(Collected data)
-- Opening Marker --
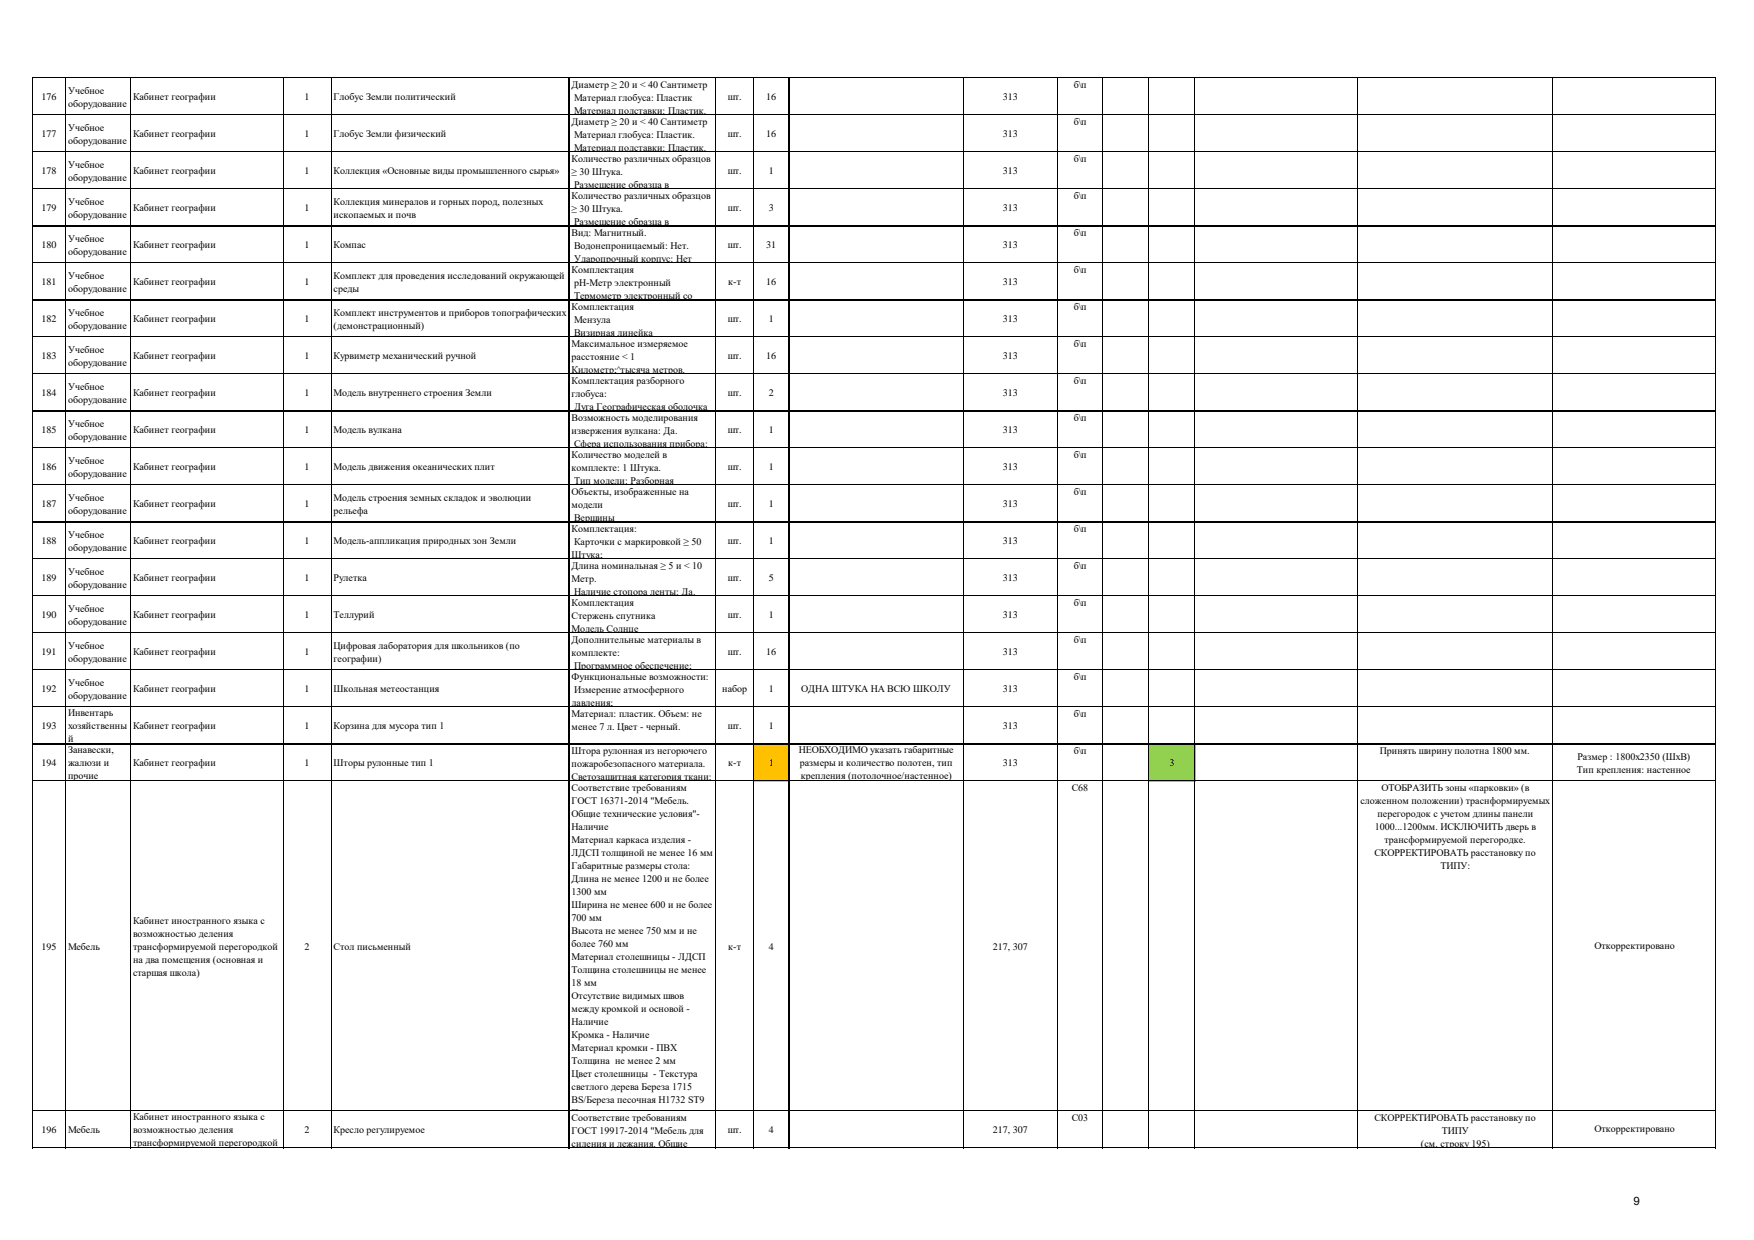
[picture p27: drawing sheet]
<svg xmlns="http://www.w3.org/2000/svg" width="297mm" height="210mm" viewBox="0 0 297 210" stroke-linecap="round" stroke-linejoin="round" font-family="sans-serif">
<defs><g id="words">
<text font-size="1.9" x="276.6" y="204">9</text>
<g font-size="1.7">
<text x="7" y="16.9">176</text>
<text x="11.5" y="15.8">Учебное</text>
<text x="22.5" y="16.9">Кабинет географии</text>
<text x="51.6" y="16.9">1</text>
<text x="56.5" y="16.9">Глобус Земли политический</text>
<text x="96.8" y="14.9">Диаметр ≥ 20 и &lt; 40 Сантиметр</text>
<text x="97.2" y="17.1">Материал глобуса: Пластик</text>
<text x="123.2" y="16.9">шт.</text>
<text x="129.7" y="16.9">16</text>
<text x="169.8" y="16.9">313</text>
<text x="181.8" y="14.9">б\п</text>
<text x="7" y="23.2">177</text>
<text x="11.5" y="18">оборудование</text>
<text x="11.5" y="22.1">Учебное</text>
<text x="22.5" y="23.2">Кабинет географии</text>
<text x="51.6" y="23.2">1</text>
<text x="56.5" y="23.2">Глобус Земли физический</text>
<text x="96.8" y="21.2">Диаметр ≥ 20 и &lt; 40 Сантиметр</text>
<text x="97.2" y="19.3">Материал подставки: Пластик.</text>
<text x="97.2" y="23.4">Материал глобуса: Пластик.</text>
<text x="123.2" y="23.2">шт.</text>
<text x="129.7" y="23.2">16</text>
<text x="169.8" y="23.2">313</text>
<text x="181.8" y="21.2">б\п</text>
<text x="7" y="29.5">178</text>
<text x="11.5" y="24.3">оборудование</text>
<text x="11.5" y="28.4">Учебное</text>
<text x="22.5" y="29.5">Кабинет географии</text>
<text x="51.6" y="29.5">1</text>
<text x="56.5" y="29.5">Коллекция «Основные виды промышленного сырья»</text>
<text x="96.8" y="27.4">Количество различных образцов</text>
<text x="96.8" y="29.7">≥ 30 Штука.</text>
<text x="97.2" y="25.6">Материал подставки: Пластик.</text>
<text x="123.2" y="29.5">шт.</text>
<text x="130.2" y="29.5">1</text>
<text x="169.8" y="29.5">313</text>
<text x="181.8" y="27.4">б\п</text>
<text x="7" y="35.7">179</text>
<text x="11.5" y="30.6">оборудование</text>
<text x="11.5" y="34.6">Учебное</text>
<text x="22.5" y="35.7">Кабинет географии</text>
<text x="51.6" y="35.7">1</text>
<text x="56.5" y="34.6">Коллекция минералов и горных пород, полезных</text>
<text x="96.8" y="33.7">Количество различных образцов</text>
<text x="96.8" y="35.9">≥ 30 Штука.</text>
<text x="97.2" y="31.9">Размещение образца в</text>
<text x="123.2" y="35.7">шт.</text>
<text x="130.2" y="35.7">3</text>
<text x="169.8" y="35.7">313</text>
<text x="181.8" y="33.7">б\п</text>
<text x="11.5" y="36.8">оборудование</text>
<text x="11.5" y="40.9">Учебное</text>
<text x="56.5" y="36.8">ископаемых и почв</text>
<text x="96.8" y="40">Вид: Магнитный.</text>
<text x="97.2" y="38.1">Размещение образца в</text>
<text x="181.8" y="40">б\п</text>
<text x="7" y="42">180</text>
<text x="11.5" y="43.1">оборудование</text>
<text x="11.5" y="47.2">Учебное</text>
<text x="22.5" y="42">Кабинет географии</text>
<text x="51.6" y="42">1</text>
<text x="56.5" y="42">Компас</text>
<text x="56.5" y="47.2">Комплект для проведения исследований окружающей</text>
<text x="96.8" y="46.3">Комплектация</text>
<text x="97.2" y="42.2">Водонепроницаемый: Нет.</text>
<text x="97.2" y="44.4">Ударопрочный корпус: Нет</text>
<text x="123.2" y="42">шт.</text>
<text x="129.7" y="42">31</text>
<text x="169.8" y="42">313</text>
<text x="181.8" y="46.3">б\п</text>
<text x="7" y="48.3">181</text>
<text x="11.5" y="49.4">оборудование</text>
<text x="11.5" y="53.4">Учебное</text>
<text x="22.5" y="48.3">Кабинет географии</text>
<text x="51.6" y="48.3">1</text>
<text x="56.5" y="49.4">среды</text>
<text x="56.5" y="53.4">Комплект инструментов и приборов топографических</text>
<text x="96.8" y="52.5">Комплектация</text>
<text x="97.2" y="48.5">рН-Метр электронный</text>
<text x="97.2" y="50.7">Термометр электронный со</text>
<text x="123.3" y="48.3">к-т</text>
<text x="129.7" y="48.3">16</text>
<text x="169.8" y="48.3">313</text>
<text x="181.8" y="52.5">б\п</text>
<text x="7" y="54.6">182</text>
<text x="11.5" y="55.7">оборудование</text>
<text x="11.5" y="59.7">Учебное</text>
<text x="22.5" y="54.6">Кабинет географии</text>
<text x="51.6" y="54.6">1</text>
<text x="56.5" y="55.7">(демонстрационный)</text>
<text x="96.8" y="58.8">Максимальное измеряемое</text>
<text x="97.2" y="54.7">Мензула</text>
<text x="97.2" y="56.9">Визирная линейка</text>
<text x="123.2" y="54.6">шт.</text>
<text x="130.2" y="54.6">1</text>
<text x="169.8" y="54.6">313</text>
<text x="181.8" y="58.8">б\п</text>
<text x="7" y="60.8">183</text>
<text x="11.5" y="61.9">оборудование</text>
<text x="11.5" y="66">Учебное</text>
<text x="22.5" y="60.8">Кабинет географии</text>
<text x="51.6" y="60.8">1</text>
<text x="56.5" y="60.8">Курвиметр механический ручной</text>
<text x="96.8" y="61">расстояние &lt; 1</text>
<text x="96.8" y="63.2">Километр;^тысяча метров.</text>
<text x="96.8" y="65.1">Комплектация разборного</text>
<text x="123.2" y="60.8">шт.</text>
<text x="129.7" y="60.8">16</text>
<text x="169.8" y="60.8">313</text>
<text x="181.8" y="65.1">б\п</text>
<text x="7" y="67.1">184</text>
<text x="11.5" y="68.2">оборудование</text>
<text x="22.5" y="67.1">Кабинет географии</text>
<text x="51.6" y="67.1">1</text>
<text x="56.5" y="67.1">Модель внутреннего строения Земли</text>
<text x="96.8" y="67.3">глобуса:</text>
<text x="96.8" y="71.3">Возможность моделирования</text>
<text x="97.2" y="69.5">Дуга Географическая оболочка</text>
<text x="123.2" y="67.1">шт.</text>
<text x="130.2" y="67.1">2</text>
<text x="169.8" y="67.1">313</text>
<text x="181.8" y="71.3">б\п</text>
<text x="7" y="73.4">185</text>
<text x="11.5" y="72.3">Учебное</text>
<text x="11.5" y="74.5">оборудование</text>
<text x="22.5" y="73.4">Кабинет географии</text>
<text x="51.6" y="73.4">1</text>
<text x="56.5" y="73.4">Модель вулкана</text>
<text x="96.8" y="73.5">извержения вулкана: Да.</text>
<text x="96.8" y="77.6">Количество моделей в</text>
<text x="97.2" y="75.7">Сфера использования прибора:</text>
<text x="123.2" y="73.4">шт.</text>
<text x="130.2" y="73.4">1</text>
<text x="169.8" y="73.4">313</text>
<text x="181.8" y="77.6">б\п</text>
<text x="7" y="79.6">186</text>
<text x="11.5" y="78.5">Учебное</text>
<text x="11.5" y="80.7">оборудование</text>
<text x="22.5" y="79.6">Кабинет географии</text>
<text x="51.6" y="79.6">1</text>
<text x="56.5" y="79.6">Модель движения океанических плит</text>
<text x="96.8" y="79.8">комплекте: 1 Штука.</text>
<text x="96.8" y="83.9">Объекты, изображенные на</text>
<text x="97.2" y="82">Тип модели: Разборная</text>
<text x="123.2" y="79.6">шт.</text>
<text x="130.2" y="79.6">1</text>
<text x="169.8" y="79.6">313</text>
<text x="181.8" y="83.9">б\п</text>
<text x="7" y="85.9">187</text>
<text x="11.5" y="84.8">Учебное</text>
<text x="11.5" y="87">оборудование</text>
<text x="22.5" y="85.9">Кабинет географии</text>
<text x="51.6" y="85.9">1</text>
<text x="56.5" y="84.8">Модель строения земных складок и эволюции</text>
<text x="56.5" y="87">рельефа</text>
<text x="96.8" y="86.1">модели</text>
<text x="97.2" y="88.3">Вершины</text>
<text x="123.2" y="85.9">шт.</text>
<text x="130.2" y="85.9">1</text>
<text x="169.8" y="85.9">313</text>
<text x="7" y="92.2">188</text>
<text x="11.5" y="91.1">Учебное</text>
<text x="11.5" y="93.3">оборудование</text>
<text x="22.5" y="92.2">Кабинет географии</text>
<text x="51.6" y="92.2">1</text>
<text x="56.5" y="92.2">Модель-аппликация природных зон Земли</text>
<text x="96.8" y="90.1">Комплектация:</text>
<text x="96.8" y="94.5">Штука;</text>
<text x="97.2" y="92.3">Карточки с маркировкой ≥ 50</text>
<text x="123.2" y="92.2">шт.</text>
<text x="130.2" y="92.2">1</text>
<text x="169.8" y="92.2">313</text>
<text x="181.8" y="90.1">б\п</text>
<text x="7" y="98.4">189</text>
<text x="11.5" y="97.3">Учебное</text>
<text x="11.5" y="99.5">оборудование</text>
<text x="22.5" y="98.4">Кабинет географии</text>
<text x="51.6" y="98.4">1</text>
<text x="56.5" y="98.4">Рулетка</text>
<text x="96.8" y="96.4">Длина номинальная ≥ 5 и &lt; 10</text>
<text x="96.8" y="98.6">Метр.</text>
<text x="97.2" y="100.8">Наличие стопора ленты: Да.</text>
<text x="123.2" y="98.4">шт.</text>
<text x="130.2" y="98.4">5</text>
<text x="169.8" y="98.4">313</text>
<text x="181.8" y="96.4">б\п</text>
<text x="7" y="104.7">190</text>
<text x="11.5" y="103.6">Учебное</text>
<text x="11.5" y="105.8">оборудование</text>
<text x="22.5" y="104.7">Кабинет географии</text>
<text x="51.6" y="104.7">1</text>
<text x="56.5" y="104.7">Теллурий</text>
<text x="96.8" y="102.7">Комплектация</text>
<text x="96.8" y="104.9">Стержень спутника</text>
<text x="96.8" y="107.1">Модель Солнце</text>
<text x="123.2" y="104.7">шт.</text>
<text x="130.2" y="104.7">1</text>
<text x="169.8" y="104.7">313</text>
<text x="181.8" y="102.7">б\п</text>
<text x="7" y="111">191</text>
<text x="11.5" y="109.9">Учебное</text>
<text x="11.5" y="112.1">оборудование</text>
<text x="22.5" y="111">Кабинет географии</text>
<text x="51.6" y="111">1</text>
<text x="56.5" y="109.9">Цифровая лаборатория для школьников (по</text>
<text x="56.5" y="112.1">географии)</text>
<text x="96.8" y="108.9">Дополнительные материалы в</text>
<text x="96.8" y="111.1">комплекте:</text>
<text x="97.2" y="113.3">Программное обеспечение;</text>
<text x="123.2" y="111">шт.</text>
<text x="129.7" y="111">16</text>
<text x="169.8" y="111">313</text>
<text x="181.8" y="108.9">б\п</text>
<text x="7" y="117.2">192</text>
<text x="11.5" y="116.1">Учебное</text>
<text x="11.5" y="118.3">оборудование</text>
<text x="22.5" y="117.2">Кабинет географии</text>
<text x="51.6" y="117.2">1</text>
<text x="56.5" y="117.2">Школьная метеостанция</text>
<text x="96.8" y="115.2">Функциональные возможности:</text>
<text x="96.8" y="119.6">давления;</text>
<text x="97.2" y="117.4">Измерение атмосферного</text>
<text x="122.3" y="117.2">набор</text>
<text x="130.2" y="117.2">1</text>
<text x="135.7" y="117.2">ОДНА ШТУКА НА ВСЮ ШКОЛУ</text>
<text x="169.8" y="117.2">313</text>
<text x="181.8" y="115.2">б\п</text>
<text x="7" y="123.5">193</text>
<text x="11.5" y="121.3">Инвентарь</text>
<text x="11.5" y="123.5">хозяйственны</text>
<text x="11.5" y="125.7">й</text>
<text x="22.5" y="123.5">Кабинет географии</text>
<text x="51.6" y="123.5">1</text>
<text x="56.5" y="123.5">Корзина для мусора тип 1</text>
<text x="96.8" y="121.5">Материал: пластик. Объем: не</text>
<text x="96.8" y="123.7">менее 7 л. Цвет - черный.</text>
<text x="123.2" y="123.5">шт.</text>
<text x="130.2" y="123.5">1</text>
<text x="169.8" y="123.5">313</text>
<text x="181.8" y="121.5">б\п</text>
<text x="7" y="129.8">194</text>
<text x="11.5" y="127.6">Занавески,</text>
<text x="11.5" y="129.8">жалюзи и</text>
<text x="11.5" y="132">прочие</text>
<text x="22.5" y="129.8">Кабинет географии</text>
<text x="51.6" y="129.8">1</text>
<text x="56.5" y="129.8">Шторы рулонные тип 1</text>
<text x="96.8" y="127.7">Штора рулонная из негорючего</text>
<text x="96.8" y="129.9">пожаробезопасного материала.</text>
<text x="123.3" y="129.8">к-т</text>
<text x="130.2" y="129.8">1</text>
<text x="135.2" y="127.6">НЕОБХОДИМО указать габаритные</text>
<text x="135.4" y="129.8">размеры и количество полотен, тип</text>
<text x="135.6" y="132">крепления (потолочное/настенное)</text>
<text x="169.8" y="129.8">313</text>
<text x="181.8" y="127.7">б\п</text>
<text x="198" y="129.8">3</text>
<text x="233.7" y="127.7">Принять ширину полотна 1800 мм.</text>
<text x="267" y="130.9">Тип крепления: настенное</text>
<text x="267.1" y="128.7">Размер : 1800х2350 (ШхВ)</text>
<text x="96.8" y="132.1">Светозащитная категория ткани:</text>
<text x="96.8" y="134">Соответствие требованиям</text>
<text x="96.8" y="136.2">ГОСТ 16371-2014 &quot;Мебель.</text>
<text x="181.5" y="134">С68</text>
<text x="230.4" y="136.2">сложенном положении) траснформируемых</text>
<text x="233.9" y="134">ОТОБРАЗИТЬ зоны «парковки» (в</text>
<text x="96.8" y="138.4">Общие технические условия&quot;-</text>
<text x="96.8" y="140.6">Наличие</text>
<text x="96.8" y="142.8">Материал каркаса изделия -</text>
<text x="232.8" y="140.6">1000...1200мм. ИСКЛЮЧИТЬ дверь в</text>
<text x="233.2" y="138.4">перегородок с учетом длины панели</text>
<text x="234.4" y="142.8">трансформируемой перегородке.</text>
<text x="96.8" y="145">ЛДСП толщиной не менее 16 мм</text>
<text x="96.8" y="147.2">Габаритные размеры стола:</text>
<text x="96.8" y="149.4">Длина не менее 1200 и не более</text>
<text x="232.7" y="145">СКОРРЕКТИРОВАТЬ расстановку по</text>
<text x="243.9" y="147.2">ТИПУ:</text>
<text x="96.8" y="151.6">1300 мм</text>
<text x="96.8" y="153.8">Ширина не менее 600 и не более</text>
<text x="7" y="160.8">195</text>
<text x="11.5" y="160.8">Мебель</text>
<text x="22.5" y="156.4">Кабинет иностранного языка с</text>
<text x="22.5" y="158.6">возможностью деления</text>
<text x="22.5" y="160.8">трансформируемой перегородкой</text>
<text x="51.6" y="160.8">2</text>
<text x="56.5" y="160.8">Стол письменный</text>
<text x="96.8" y="156">700 мм</text>
<text x="96.8" y="158.2">Высота не менее 750 мм и не</text>
<text x="96.8" y="160.4">более 760 мм</text>
<text x="123.3" y="160.8">к-т</text>
<text x="130.2" y="160.8">4</text>
<text x="168.1" y="160.8">217, 307</text>
<text x="270" y="160.7">Откорректировано</text>
<text x="22.5" y="163.1">на два помещения (основная и</text>
<text x="22.5" y="165.3">старшая школа)</text>
<text x="96.8" y="162.6">Материал столешницы - ЛДСП</text>
<text x="96.8" y="164.8">Толщина столешницы не менее</text>
<text x="96.8" y="167">18 мм</text>
<text x="96.8" y="169.2">Отсутствие видимых швов</text>
<text x="96.8" y="171.4">между кромкой и основой -</text>
<text x="96.8" y="173.6">Наличие</text>
<text x="96.8" y="175.8">Кромка - Наличие</text>
<text x="96.8" y="178">Материал кромки - ПВХ</text>
<text x="96.8" y="180.2">Толщина не менее 2 мм</text>
<text x="96.8" y="182.4">Цвет столешницы - Текстура</text>
<text x="96.8" y="184.6">светлого дерева Береза 1715</text>
<text x="7" y="191.9">196</text>
<text x="11.5" y="191.9">Мебель</text>
<text x="22.5" y="189.7">Кабинет иностранного языка с</text>
<text x="22.5" y="191.9">возможностью деления</text>
<text x="51.6" y="191.9">2</text>
<text x="56.5" y="191.9">Кресло регулируемое</text>
<text x="96.8" y="186.9">BS/Береза песочная H1732 ST9</text>
<text x="96.8" y="189.1">Поверхность столешницы</text>
<text x="96.8" y="189.9">Cоответствие требованиям</text>
<text x="123.2" y="191.9">шт.</text>
<text x="130.2" y="191.9">4</text>
<text x="168.1" y="191.9">217, 307</text>
<text x="181.5" y="189.9">С03</text>
<text x="232.7" y="189.9">СКОРРЕКТИРОВАТЬ расстановку по</text>
<text x="270" y="191.8">Откорректировано</text>
<text x="22.5" y="194.1">трансформируемой перегородкой</text>
<text x="96.8" y="192.1">ГОСТ 19917-2014 &quot;Мебель для</text>
<text x="96.8" y="194.3">сидения и лежания. Общие</text>
<text x="240.6" y="194.3">(см. строку 195)</text>
<text x="244.2" y="192.1">ТИПУ</text>
</g>
</g></defs>
<path d="M127.5 126h6.1v6.3h-6.1z" fill-rule="evenodd" fill="#ffc000"/>
<path d="M194.5 126h7.9v6.3h-7.9z" fill-rule="evenodd" fill="#92d050"/>
<g fill="none" stroke="#000" stroke-width=".17">
<path d="M5.5 13v181.5M5.6 13.1h284.9M5.6 19.4h284.9M11.1 13.2v181.3M22.1 13.2v181.3M47.9 13.2v181.3M56.1 13.2v181.3M96.4 13.2v181.3M121.2 13.2v181.3M127.5 13.2v181.3M133.6 13.2v181.3M163.1 13.2v181.3"/>
<path d="M179 13.2v181.3M186.7 13.2v181.3M194.5 13.2v181.3M202.3 13.2v181.3M229.9 13.2v181.3M262.9 13.2v181.3M290.4 13.2v181.3M5.6 25.7h284.9M5.6 31.9h284.9M5.6 38.2h284.9M5.6 44.5h284.9M5.6 50.7h284.9"/>
<path d="M5.6 57h284.9M5.6 63.3h284.9M5.6 69.5h284.9M5.6 75.8h284.9M5.6 82.1h284.9M5.6 88.3h284.9M5.6 94.6h284.9M5.6 100.9h284.9M5.6 107.1h284.9M5.6 113.4h284.9M5.6 119.7h284.9M5.6 125.9h284.9"/>
<path d="M5.6 132.2h284.9M5.6 188.1h284.9M5.6 194.4h284.9"/>
</g>
<use href="#words"/>
</svg>
-- Closing Marker --
**Your assignment**
Scan the records for the word "Земли" and copy every line where it is found.

**Written response**
<text x="56.5" y="16.9">Глобус Земли политический</text>
<text x="56.5" y="23.2">Глобус Земли физический</text>
<text x="56.5" y="67.1">Модель внутреннего строения Земли</text>
<text x="56.5" y="92.2">Модель-аппликация природных зон Земли</text>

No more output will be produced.